Task to carry out:
Start at the line with "For each listed" in the records below, stop at the line with "#16 rack shelf [909,328,1005,389]", and return every line in that span exactly, the two end lines included.

Records for the exercise:
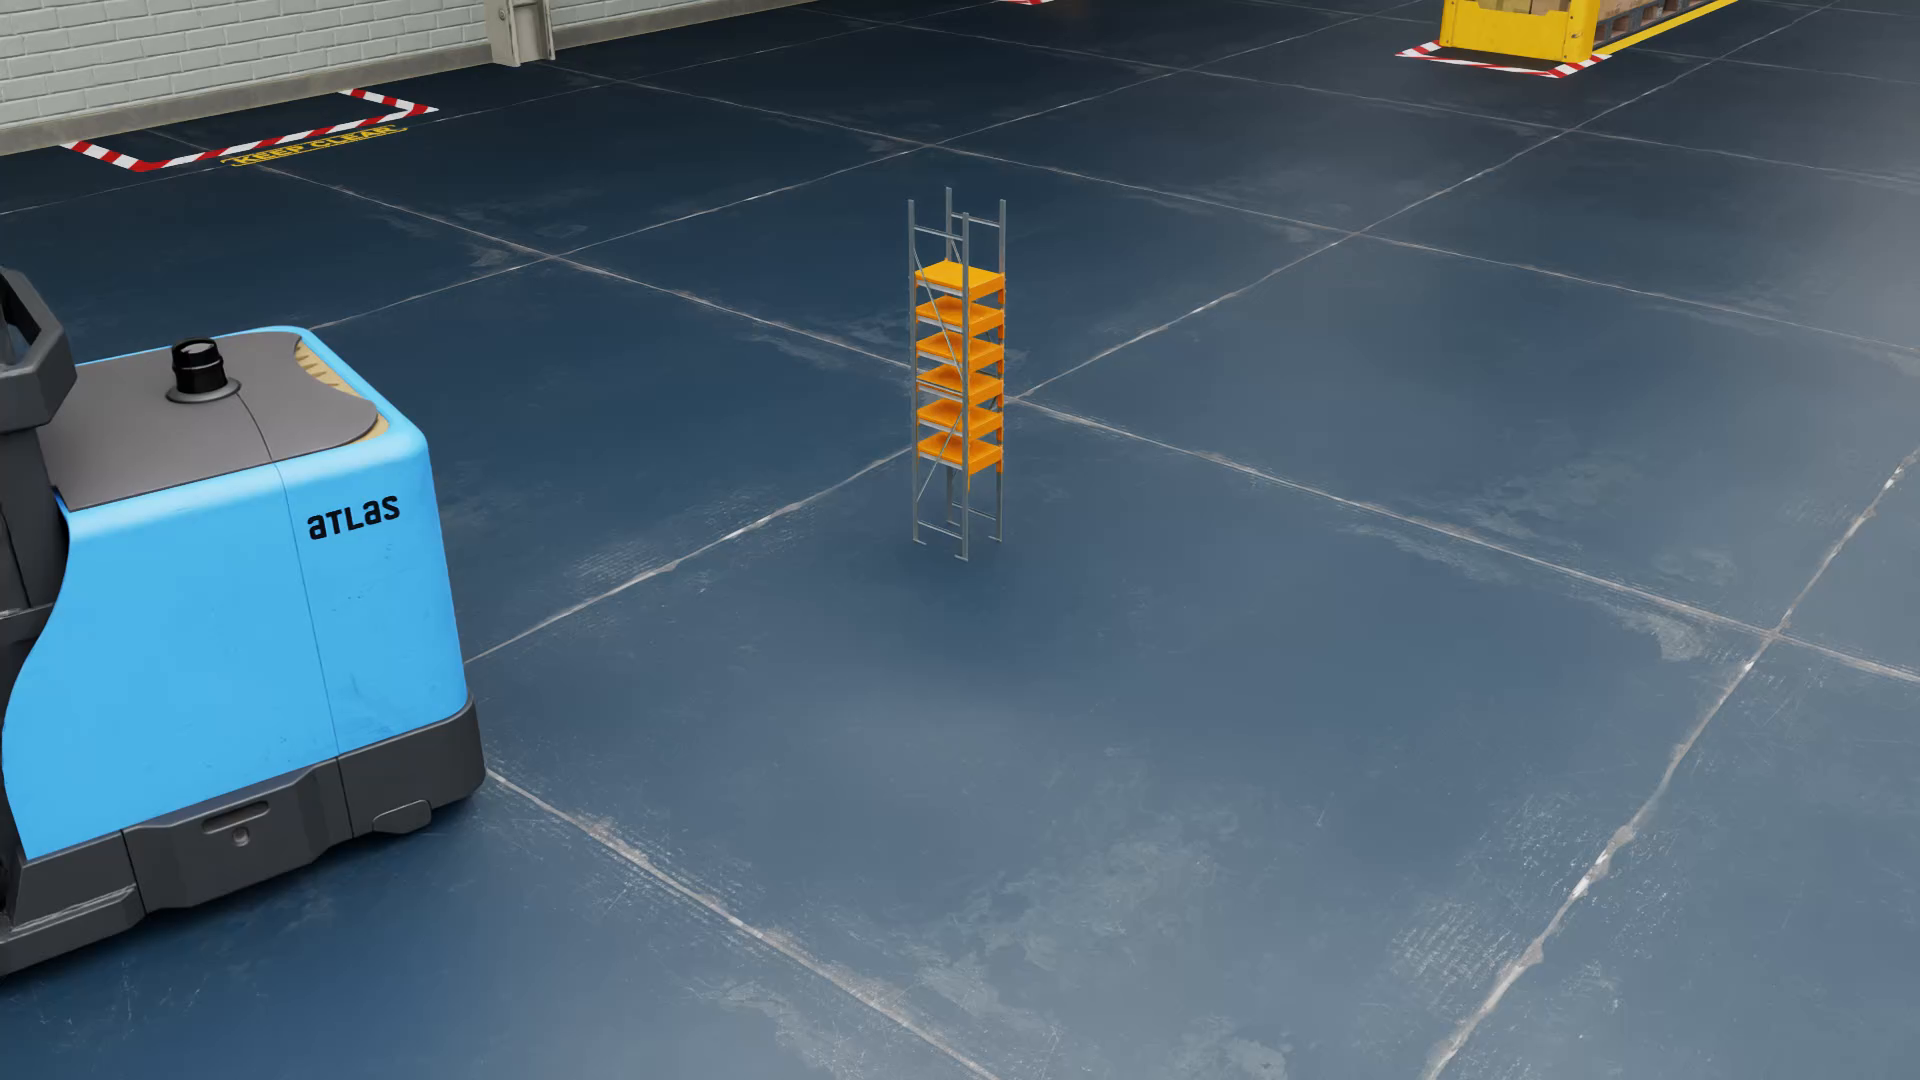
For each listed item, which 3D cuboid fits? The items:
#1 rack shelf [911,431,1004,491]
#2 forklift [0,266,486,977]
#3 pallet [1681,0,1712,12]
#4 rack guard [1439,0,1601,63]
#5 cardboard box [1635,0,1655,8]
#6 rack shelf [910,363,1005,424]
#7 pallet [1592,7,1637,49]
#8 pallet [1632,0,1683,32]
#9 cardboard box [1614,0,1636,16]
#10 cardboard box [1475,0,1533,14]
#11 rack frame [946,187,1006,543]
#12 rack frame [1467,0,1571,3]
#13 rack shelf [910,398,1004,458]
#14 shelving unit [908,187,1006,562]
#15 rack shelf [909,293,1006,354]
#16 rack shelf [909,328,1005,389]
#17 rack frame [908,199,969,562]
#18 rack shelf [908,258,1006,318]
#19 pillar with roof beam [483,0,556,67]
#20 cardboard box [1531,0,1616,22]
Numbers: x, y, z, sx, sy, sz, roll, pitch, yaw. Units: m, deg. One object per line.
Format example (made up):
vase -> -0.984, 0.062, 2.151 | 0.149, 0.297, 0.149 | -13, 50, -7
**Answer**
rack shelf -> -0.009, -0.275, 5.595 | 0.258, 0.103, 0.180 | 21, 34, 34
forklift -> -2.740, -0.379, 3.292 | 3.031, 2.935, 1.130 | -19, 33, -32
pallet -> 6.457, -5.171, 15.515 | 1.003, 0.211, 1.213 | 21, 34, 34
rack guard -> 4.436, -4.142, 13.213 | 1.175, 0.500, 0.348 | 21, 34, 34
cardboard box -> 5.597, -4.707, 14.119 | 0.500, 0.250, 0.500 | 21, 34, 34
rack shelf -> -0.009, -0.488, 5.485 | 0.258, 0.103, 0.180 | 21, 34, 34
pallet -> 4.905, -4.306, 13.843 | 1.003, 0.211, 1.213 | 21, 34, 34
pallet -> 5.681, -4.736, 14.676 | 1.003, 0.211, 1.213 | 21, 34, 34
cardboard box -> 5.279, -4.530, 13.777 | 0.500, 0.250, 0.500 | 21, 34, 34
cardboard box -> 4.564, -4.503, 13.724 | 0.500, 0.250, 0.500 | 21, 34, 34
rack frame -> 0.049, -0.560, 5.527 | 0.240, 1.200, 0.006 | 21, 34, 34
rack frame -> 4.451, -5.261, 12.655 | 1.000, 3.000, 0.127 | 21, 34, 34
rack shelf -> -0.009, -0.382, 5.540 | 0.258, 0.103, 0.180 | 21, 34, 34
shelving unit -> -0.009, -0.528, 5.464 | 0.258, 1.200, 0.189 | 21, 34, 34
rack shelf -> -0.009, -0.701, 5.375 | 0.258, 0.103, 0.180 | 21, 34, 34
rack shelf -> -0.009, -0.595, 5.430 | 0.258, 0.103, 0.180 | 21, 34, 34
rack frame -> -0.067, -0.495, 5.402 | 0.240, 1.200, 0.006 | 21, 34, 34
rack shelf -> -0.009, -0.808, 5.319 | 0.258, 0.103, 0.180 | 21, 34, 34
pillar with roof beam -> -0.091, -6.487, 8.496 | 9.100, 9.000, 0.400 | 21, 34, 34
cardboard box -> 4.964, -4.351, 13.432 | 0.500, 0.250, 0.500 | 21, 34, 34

...

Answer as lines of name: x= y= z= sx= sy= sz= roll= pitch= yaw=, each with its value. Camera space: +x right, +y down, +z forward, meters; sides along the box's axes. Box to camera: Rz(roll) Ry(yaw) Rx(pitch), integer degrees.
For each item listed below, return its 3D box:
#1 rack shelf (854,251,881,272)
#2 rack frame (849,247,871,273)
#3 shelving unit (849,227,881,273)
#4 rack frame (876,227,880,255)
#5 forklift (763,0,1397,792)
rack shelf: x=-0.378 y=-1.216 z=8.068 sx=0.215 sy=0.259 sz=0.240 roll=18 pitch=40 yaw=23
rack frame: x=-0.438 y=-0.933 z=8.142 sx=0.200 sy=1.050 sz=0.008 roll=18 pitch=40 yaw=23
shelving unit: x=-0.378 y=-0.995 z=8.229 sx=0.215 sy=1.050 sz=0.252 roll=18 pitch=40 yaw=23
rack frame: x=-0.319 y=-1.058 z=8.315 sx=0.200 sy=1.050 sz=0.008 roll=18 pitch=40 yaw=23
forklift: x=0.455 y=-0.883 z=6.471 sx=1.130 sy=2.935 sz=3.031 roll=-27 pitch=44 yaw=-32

Finished exercise:
For each listed item, which 3D cuboid fits? The items:
#1 rack shelf [911,431,1004,491]
#2 forklift [0,266,486,977]
#3 pallet [1681,0,1712,12]
#4 rack guard [1439,0,1601,63]
#5 cardboard box [1635,0,1655,8]
#6 rack shelf [910,363,1005,424]
#7 pallet [1592,7,1637,49]
#8 pallet [1632,0,1683,32]
#9 cardboard box [1614,0,1636,16]
#10 cardboard box [1475,0,1533,14]
#11 rack frame [946,187,1006,543]
#12 rack frame [1467,0,1571,3]
#13 rack shelf [910,398,1004,458]
#14 shelving unit [908,187,1006,562]
#15 rack shelf [909,293,1006,354]
#16 rack shelf [909,328,1005,389]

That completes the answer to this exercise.